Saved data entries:

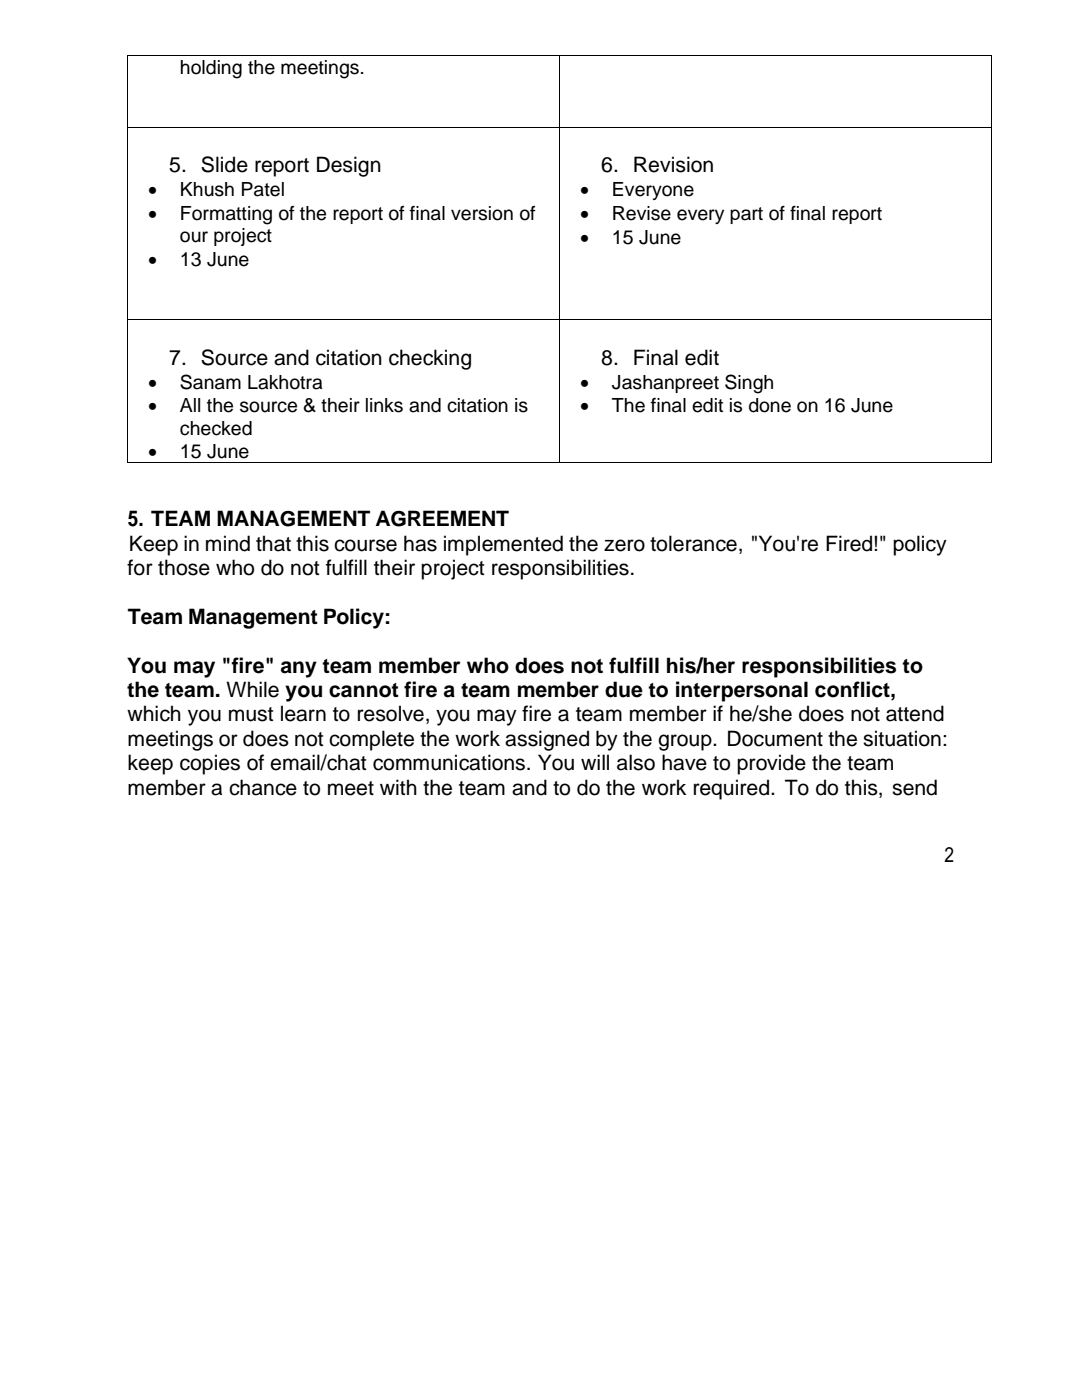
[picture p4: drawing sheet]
<svg xmlns="http://www.w3.org/2000/svg" width="216mm" height="279mm" viewBox="0 0 216 279" stroke-linecap="round" stroke-linejoin="round" font-family="sans-serif">
<defs><g id="words">
<g font-size="4.2">
<text x="33.7" y="34.4">5. Slide report Design</text>
<text x="120" y="34.4">6. Revision</text>
<text x="33.7" y="72.8">7. Source and citation checking</text>
<text x="120" y="72.8">8. Final edit</text>
<text x="25.5" y="105">5. TEAM MANAGEMENT AGREEMENT</text>
<text x="25.7" y="109.9">Keep in mind that this course has implemented the zero tolerance, &quot;You're Fired!&quot; policy</text>
<text x="25.5" y="114.7">for those who do not fulfill their project responsibilities.</text>
<text x="25.5" y="124.5">Team Management Policy:</text>
<text x="25.4" y="134.2">You may &quot;fire&quot; any team member who does not fulfill his/her responsibilities to</text>
<text x="25.5" y="139.1">the team. While you cannot fire a team member due to interpersonal conflict,</text>
<text x="25.5" y="144">which you must learn to resolve, you may fire a team member if he/she does not attend</text>
<text x="25.5" y="148.8">meetings or does not complete the work assigned by the group. Document the situation:</text>
<text x="25.5" y="153.7">keep copies of email/chat communications. You will also have to provide the team</text>
<text x="25.5" y="158.6">member a chance to meet with the team and to do the work required. To do this, send</text>
<text x="188.5" y="172.1">2</text>
</g>
<g font-size="3.9">
<text x="35.9" y="14.8">holding the meetings.</text>
<text x="29.6" y="39.2">•</text>
<text x="35.9" y="39.2">Khush Patel</text>
<text x="115.8" y="39.2">•</text>
<text x="122.1" y="39.2">Everyone</text>
<text x="29.6" y="43.9">•</text>
<text x="35.9" y="43.9">Formatting of the report of final version of</text>
<text x="115.8" y="43.9">•</text>
<text x="122.1" y="43.9">Revise every part of final report</text>
<text x="29.6" y="53.1">•</text>
<text x="35.9" y="48.4">our project</text>
<text x="35.9" y="53.1">13 June</text>
<text x="115.8" y="48.6">•</text>
<text x="122.1" y="48.6">15 June</text>
<text x="29.6" y="77.6">•</text>
<text x="35.9" y="77.6">Sanam Lakhotra</text>
<text x="115.8" y="77.6">•</text>
<text x="122.1" y="77.6">Jashanpreet Singh</text>
<text x="29.6" y="82.3">•</text>
<text x="35.9" y="82.3">All the source &amp; their links and citation is</text>
<text x="115.8" y="82.3">•</text>
<text x="122.1" y="82.3">The final edit is done on 16 June</text>
<text x="35.9" y="86.8">checked</text>
<text x="29.6" y="91.5">•</text>
<text x="35.9" y="91.5">15 June</text>
</g>
</g></defs>
<g fill="#000">
<path d="M25.5 10.9h.1v.2h-.1z" fill-rule="evenodd"/>
<path d="M25.5 10.9h.1v.2h-.1z" fill-rule="evenodd"/>
<path d="M111.6 10.9h.2v.2h-.2z" fill-rule="evenodd"/>
<path d="M197.8 10.9h.1v.2h-.1z" fill-rule="evenodd"/>
<path d="M197.8 10.9h.1v.2h-.1z" fill-rule="evenodd"/>
<path d="M25.5 25.4h.1v.1h-.1z" fill-rule="evenodd"/>
<path d="M111.6 25.4h.2v.1h-.2z" fill-rule="evenodd"/>
<path d="M197.8 25.4h.1v.1h-.1z" fill-rule="evenodd"/>
<path d="M25.5 63.7h.1v.2h-.1z" fill-rule="evenodd"/>
<path d="M111.6 63.7h.2v.2h-.2z" fill-rule="evenodd"/>
<path d="M197.8 63.7h.1v.2h-.1z" fill-rule="evenodd"/>
<path d="M25.5 92.3h.1v.2h-.1z" fill-rule="evenodd"/>
<path d="M25.5 92.3h.1v.2h-.1z" fill-rule="evenodd"/>
<path d="M111.6 92.3h.2v.2h-.2z" fill-rule="evenodd"/>
<path d="M197.8 92.3h.1v.2h-.1z" fill-rule="evenodd"/>
<path d="M197.8 92.3h.1v.2h-.1z" fill-rule="evenodd"/>
</g>
<g fill="none" stroke="#000" stroke-width=".2">
<path d="M25.5 11.1v14.3M25.6 11h86M111.7 11.1v14.3M111.8 11h86M197.9 11.1v14.3M25.5 25.5v38.2M25.6 25.4h86M111.7 25.5v38.2M111.8 25.4h86M197.9 25.5v38.2M25.5 63.9v28.4M25.6 63.8h86"/>
<path d="M111.7 63.9v28.4M111.8 63.8h86M197.9 63.9v28.4M25.6 92.4h86M111.8 92.4h86"/>
</g>
<use href="#words"/>
</svg>

**Task description**
Every line of the records above must reappear exactly, though the pictures must not.

**Task result**
[picture p4: drawing sheet]
<svg xmlns="http://www.w3.org/2000/svg" width="216mm" height="279mm" viewBox="0 0 216 279" stroke-linecap="round" stroke-linejoin="round" font-family="sans-serif">
<defs><g id="words">
<g font-size="4.2">
<text x="33.7" y="34.4">5. Slide report Design</text>
<text x="120" y="34.4">6. Revision</text>
<text x="33.7" y="72.8">7. Source and citation checking</text>
<text x="120" y="72.8">8. Final edit</text>
<text x="25.5" y="105">5. TEAM MANAGEMENT AGREEMENT</text>
<text x="25.7" y="109.9">Keep in mind that this course has implemented the zero tolerance, &quot;You're Fired!&quot; policy</text>
<text x="25.5" y="114.7">for those who do not fulfill their project responsibilities.</text>
<text x="25.5" y="124.5">Team Management Policy:</text>
<text x="25.4" y="134.2">You may &quot;fire&quot; any team member who does not fulfill his/her responsibilities to</text>
<text x="25.5" y="139.1">the team. While you cannot fire a team member due to interpersonal conflict,</text>
<text x="25.5" y="144">which you must learn to resolve, you may fire a team member if he/she does not attend</text>
<text x="25.5" y="148.8">meetings or does not complete the work assigned by the group. Document the situation:</text>
<text x="25.5" y="153.7">keep copies of email/chat communications. You will also have to provide the team</text>
<text x="25.5" y="158.6">member a chance to meet with the team and to do the work required. To do this, send</text>
<text x="188.5" y="172.1">2</text>
</g>
<g font-size="3.9">
<text x="35.9" y="14.8">holding the meetings.</text>
<text x="29.6" y="39.2">•</text>
<text x="35.9" y="39.2">Khush Patel</text>
<text x="115.8" y="39.2">•</text>
<text x="122.1" y="39.2">Everyone</text>
<text x="29.6" y="43.9">•</text>
<text x="35.9" y="43.9">Formatting of the report of final version of</text>
<text x="115.8" y="43.9">•</text>
<text x="122.1" y="43.9">Revise every part of final report</text>
<text x="29.6" y="53.1">•</text>
<text x="35.9" y="48.4">our project</text>
<text x="35.9" y="53.1">13 June</text>
<text x="115.8" y="48.6">•</text>
<text x="122.1" y="48.6">15 June</text>
<text x="29.6" y="77.6">•</text>
<text x="35.9" y="77.6">Sanam Lakhotra</text>
<text x="115.8" y="77.6">•</text>
<text x="122.1" y="77.6">Jashanpreet Singh</text>
<text x="29.6" y="82.3">•</text>
<text x="35.9" y="82.3">All the source &amp; their links and citation is</text>
<text x="115.8" y="82.3">•</text>
<text x="122.1" y="82.3">The final edit is done on 16 June</text>
<text x="35.9" y="86.8">checked</text>
<text x="29.6" y="91.5">•</text>
<text x="35.9" y="91.5">15 June</text>
</g>
</g></defs>
<g fill="#000">
<path d="M25.5 10.9h.1v.2h-.1z" fill-rule="evenodd"/>
<path d="M25.5 10.9h.1v.2h-.1z" fill-rule="evenodd"/>
<path d="M111.6 10.9h.2v.2h-.2z" fill-rule="evenodd"/>
<path d="M197.8 10.9h.1v.2h-.1z" fill-rule="evenodd"/>
<path d="M197.8 10.9h.1v.2h-.1z" fill-rule="evenodd"/>
<path d="M25.5 25.4h.1v.1h-.1z" fill-rule="evenodd"/>
<path d="M111.6 25.4h.2v.1h-.2z" fill-rule="evenodd"/>
<path d="M197.8 25.4h.1v.1h-.1z" fill-rule="evenodd"/>
<path d="M25.5 63.7h.1v.2h-.1z" fill-rule="evenodd"/>
<path d="M111.6 63.7h.2v.2h-.2z" fill-rule="evenodd"/>
<path d="M197.8 63.7h.1v.2h-.1z" fill-rule="evenodd"/>
<path d="M25.5 92.3h.1v.2h-.1z" fill-rule="evenodd"/>
<path d="M25.5 92.3h.1v.2h-.1z" fill-rule="evenodd"/>
<path d="M111.6 92.3h.2v.2h-.2z" fill-rule="evenodd"/>
<path d="M197.8 92.3h.1v.2h-.1z" fill-rule="evenodd"/>
<path d="M197.8 92.3h.1v.2h-.1z" fill-rule="evenodd"/>
</g>
<g fill="none" stroke="#000" stroke-width=".2">
<path d="M25.5 11.1v14.3M25.6 11h86M111.7 11.1v14.3M111.8 11h86M197.9 11.1v14.3M25.5 25.5v38.2M25.6 25.4h86M111.7 25.5v38.2M111.8 25.4h86M197.9 25.5v38.2M25.5 63.9v28.4M25.6 63.8h86"/>
<path d="M111.7 63.9v28.4M111.8 63.8h86M197.9 63.9v28.4M25.6 92.4h86M111.8 92.4h86"/>
</g>
<use href="#words"/>
</svg>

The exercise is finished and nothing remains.